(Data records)
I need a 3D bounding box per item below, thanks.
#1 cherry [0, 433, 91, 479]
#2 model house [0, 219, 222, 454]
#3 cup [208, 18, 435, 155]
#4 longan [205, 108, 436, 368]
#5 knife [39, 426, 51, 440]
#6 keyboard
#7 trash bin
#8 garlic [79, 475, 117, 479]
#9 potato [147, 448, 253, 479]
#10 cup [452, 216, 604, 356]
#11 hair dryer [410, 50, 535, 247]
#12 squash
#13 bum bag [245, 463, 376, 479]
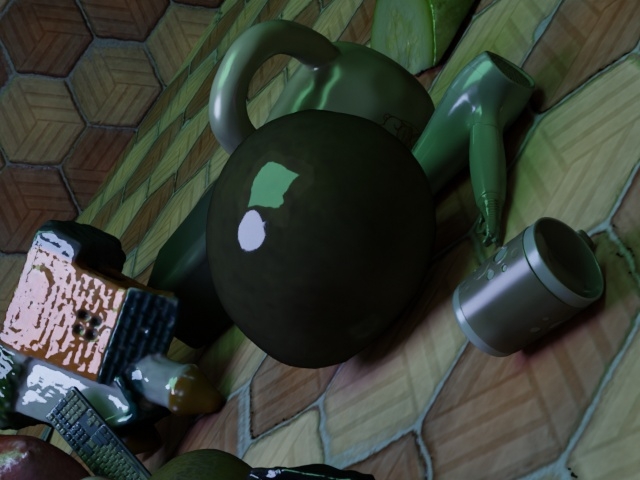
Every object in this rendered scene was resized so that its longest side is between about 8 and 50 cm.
[{"bbox_3d":[-0.363,0.330,1.498,0.239,0.239,0.206,-13,51,65],"label":"cherry"},{"bbox_3d":[-0.239,0.148,1.604,0.271,0.301,0.190,-70,-20,3],"label":"model house"},{"bbox_3d":[-0.014,-0.127,1.437,0.202,0.255,0.173,-58,15,-11],"label":"cup"},{"bbox_3d":[0.000,0.000,1.239,0.248,0.248,0.248,-47,19,21],"label":"longan"},{"bbox_3d":[-0.472,0.379,2.053,0.080,0.044,0.331,-55,10,20],"label":"knife"},{"bbox_3d":[-0.248,0.251,1.503,0.055,0.176,0.014,-47,-14,14],"label":"keyboard"},{"bbox_3d":[-0.120,0.011,1.691,0.240,0.122,0.164,-45,20,33],"label":"trash bin"},{"bbox_3d":[-0.249,0.364,1.312,0.244,0.161,0.245,-62,-2,-4],"label":"garlic"},{"bbox_3d":[-0.119,0.282,1.114,0.174,0.159,0.251,-9,34,34],"label":"potato"},{"bbox_3d":[0.158,0.029,0.999,0.099,0.074,0.102,-41,21,37],"label":"cup"},{"bbox_3d":[0.138,-0.052,1.262,0.206,0.075,0.237,-53,24,29],"label":"hair dryer"},{"bbox_3d":[0.169,-0.317,1.726,0.237,0.155,0.204,-170,78,-69],"label":"squash"},{"bbox_3d":[0.020,0.240,0.900,0.310,0.137,0.074,-102,10,-65],"label":"bum bag"}]
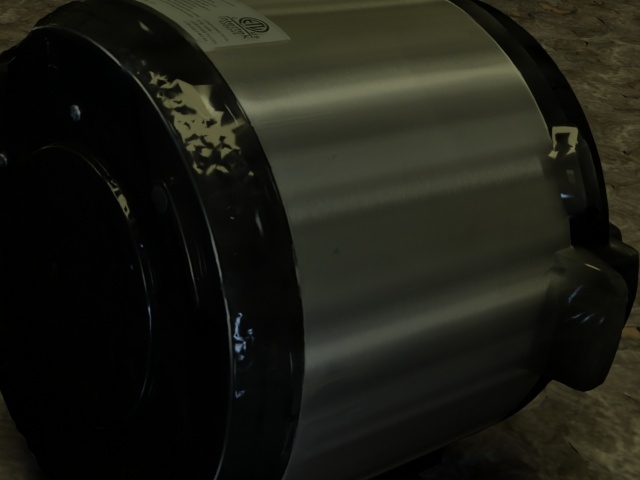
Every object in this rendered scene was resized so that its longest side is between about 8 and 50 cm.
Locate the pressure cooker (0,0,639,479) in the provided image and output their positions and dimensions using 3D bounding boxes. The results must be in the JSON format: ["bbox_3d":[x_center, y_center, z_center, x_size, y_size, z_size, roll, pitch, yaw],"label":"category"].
[{"bbox_3d":[0.002,-0.005,0.859,0.420,0.375,0.369,-15,76,-39],"label":"pressure cooker"}]

• _REQUIRED WORK_
Each record above must be set down again unchanged, with its pictures left out.

• _RESPONSE FOR THIS EXERCISE_
I need a 3D bounding box per item below, thanks.
#1 cherry [0, 433, 91, 479]
#2 model house [0, 219, 222, 454]
#3 cup [208, 18, 435, 155]
#4 longan [205, 108, 436, 368]
#5 knife [39, 426, 51, 440]
#6 keyboard
#7 trash bin
#8 garlic [79, 475, 117, 479]
#9 potato [147, 448, 253, 479]
#10 cup [452, 216, 604, 356]
#11 hair dryer [410, 50, 535, 247]
#12 squash
#13 bum bag [245, 463, 376, 479]
Every object in this rendered scene was resized so that its longest side is between about 8 and 50 cm.
[{"bbox_3d":[-0.363,0.330,1.498,0.239,0.239,0.206,-13,51,65],"label":"cherry"},{"bbox_3d":[-0.239,0.148,1.604,0.271,0.301,0.190,-70,-20,3],"label":"model house"},{"bbox_3d":[-0.014,-0.127,1.437,0.202,0.255,0.173,-58,15,-11],"label":"cup"},{"bbox_3d":[0.000,0.000,1.239,0.248,0.248,0.248,-47,19,21],"label":"longan"},{"bbox_3d":[-0.472,0.379,2.053,0.080,0.044,0.331,-55,10,20],"label":"knife"},{"bbox_3d":[-0.248,0.251,1.503,0.055,0.176,0.014,-47,-14,14],"label":"keyboard"},{"bbox_3d":[-0.120,0.011,1.691,0.240,0.122,0.164,-45,20,33],"label":"trash bin"},{"bbox_3d":[-0.249,0.364,1.312,0.244,0.161,0.245,-62,-2,-4],"label":"garlic"},{"bbox_3d":[-0.119,0.282,1.114,0.174,0.159,0.251,-9,34,34],"label":"potato"},{"bbox_3d":[0.158,0.029,0.999,0.099,0.074,0.102,-41,21,37],"label":"cup"},{"bbox_3d":[0.138,-0.052,1.262,0.206,0.075,0.237,-53,24,29],"label":"hair dryer"},{"bbox_3d":[0.169,-0.317,1.726,0.237,0.155,0.204,-170,78,-69],"label":"squash"},{"bbox_3d":[0.020,0.240,0.900,0.310,0.137,0.074,-102,10,-65],"label":"bum bag"}]
Every object in this rendered scene was resized so that its longest side is between about 8 and 50 cm.
Locate the pressure cooker (0,0,639,479) in the provided image and output their positions and dimensions using 3D bounding boxes. The results must be in the JSON format: ["bbox_3d":[x_center, y_center, z_center, x_size, y_size, z_size, roll, pitch, yaw],"label":"category"].
[{"bbox_3d":[0.002,-0.005,0.859,0.420,0.375,0.369,-15,76,-39],"label":"pressure cooker"}]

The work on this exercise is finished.